The parser produces a parse tree which serves as input to the Query Translation and Rewrite module shown underneath the parser. Here the query is translated into an internal representation, which is based on the relational algebra notation [1]. Besides its compact form, a major advantage of using relational algebra is that there exist transformations (re- write rules) between equivalent expressions to explore alternate, more efficient forms of the same query. Different algebraic expressions for a query are called logical query plans and are represented as expression trees or operator trees. Using the re-write rules, the initial logical query plan is transformed into an equivalent plan that is expected to execute faster. Query re-writing is guided by heuristics which help reduce the amount of intermediary work that must be performed by the query in order to arrive at the same result.
A particularly challenging problem is the selection of the best join ordering for queries involving the join of three or more relations. The reason is that the order in which the input relations are presented to a join operator (or any other binary operator for that matter) tends to have an important impact on the cost of the operation. Unfortunately, the number of candidate plans grows rapidly when the number of input relations grows.
The outcome of the query translation and rewrite module is a set of “improved” logical query plans representing different execution orders or combinations of operators of the original query. The Physical Plan Generator converts the logical query plans into physical query plans which contain information about the algorithms to be used in computing the relational operators represented in the plan. In addition, physical query plans also contain information about the access methods available for each relation. Access methods are ways of retrieving tuples from a table and consist of either a file scan (i.e., a complete retrieval of all tuples) or an index plus a matching selection condition. Given the many different
options for implementing relational operators and for accessing the data, each logical plan may lead to a large number of possible physical plans. Among the many possible plans, the physical plan generator evaluates the cost for each and chooses the one with the lowest overall cost.
Finally, the best physical plan is submitted to the Code Generator which produces the executable code that is either executed directly or is stored and executed later whenever needed. Query re-writing and physical plan generation are referred to as query optimization. However, the term is misleading since in most cases the chosen plan represents a reasonably efficient strategy for executing a query.
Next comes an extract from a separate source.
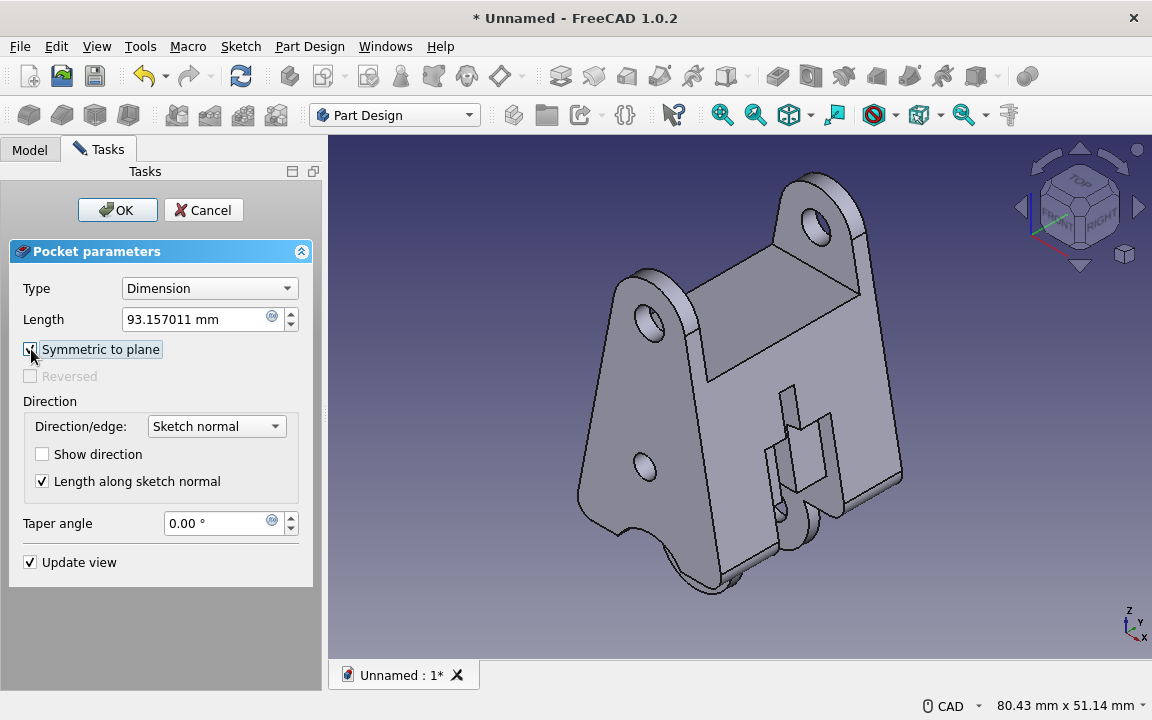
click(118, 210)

In the following paragraphs, we focus on several important data structures that are used during query evaluation, some of which have been mentioned above: The parse tree for storing the parsed and validated input query (Section 60.2.3), the expression tree for representing logical and physical query plans (Section 60.2.4), and the histogram which is used to approximate the distribution of attribute values in the input relations (Section 60.2.5). We start with a summary of the well-known index structures and how they are used to speed up database operations. Since sorting plays an important role in query processing, we include a separate description of the data structures used to sort large data sets using external memory (Section 60.2.2).
Index Structures
An important part of the work of the physical plan generator is to choose an efficient implementation for each of the operators in the query. For each relational operator (e.g., selection, projection, join) there are several alternative algorithms available for implementation. The best choice usually depends on factors such as size of the relation, available memory in the buffer pool, sort order of the input data, and availability of index structures. In the following, we briefly highlight some of the important index structures that are used by a modern DBMS.
One-dimensional Indexes
One-dimensional indexes contain a single search key, which may be composed of multiple attributes. The most frequently used data structures for one-dimensional database indexes are dynamic tree-structured indexes such as B/B+-Trees (from now on collectively referred to as B-Trees, see also Chapter 15) and hash-based indexes using extendible and linear hashing (see Chapter 9).
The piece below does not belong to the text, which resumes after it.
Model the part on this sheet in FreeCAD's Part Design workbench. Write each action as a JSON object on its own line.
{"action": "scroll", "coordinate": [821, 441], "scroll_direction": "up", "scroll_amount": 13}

In general, hash-based indexes are especially good for equality searches. For example, in the case of an equality selection operation, one can use a one- dimensional hash-based index structure to examine just the tuples that satisfy the given condition. Consider the selection of student records having a certain grade point average (GPA). Assuming students are randomly distributed throughout the relation, an index on the GPA value could lead us to only those records satisfying the selection condition and resulting in a lot fewer data transfers than a sequential scan of the relation (if we assume the tuples satisfying the condition make up only a fraction of the entire relation).
Given their superior performance for equality searches hash-based indexes prove to be particularly useful in implementing relational operations such as joins. For example, the index-nested-loop join algorithm generates many equality selection queries, making the difference in cost between a hash-based and the slightly more expensive tree-based implementation significant.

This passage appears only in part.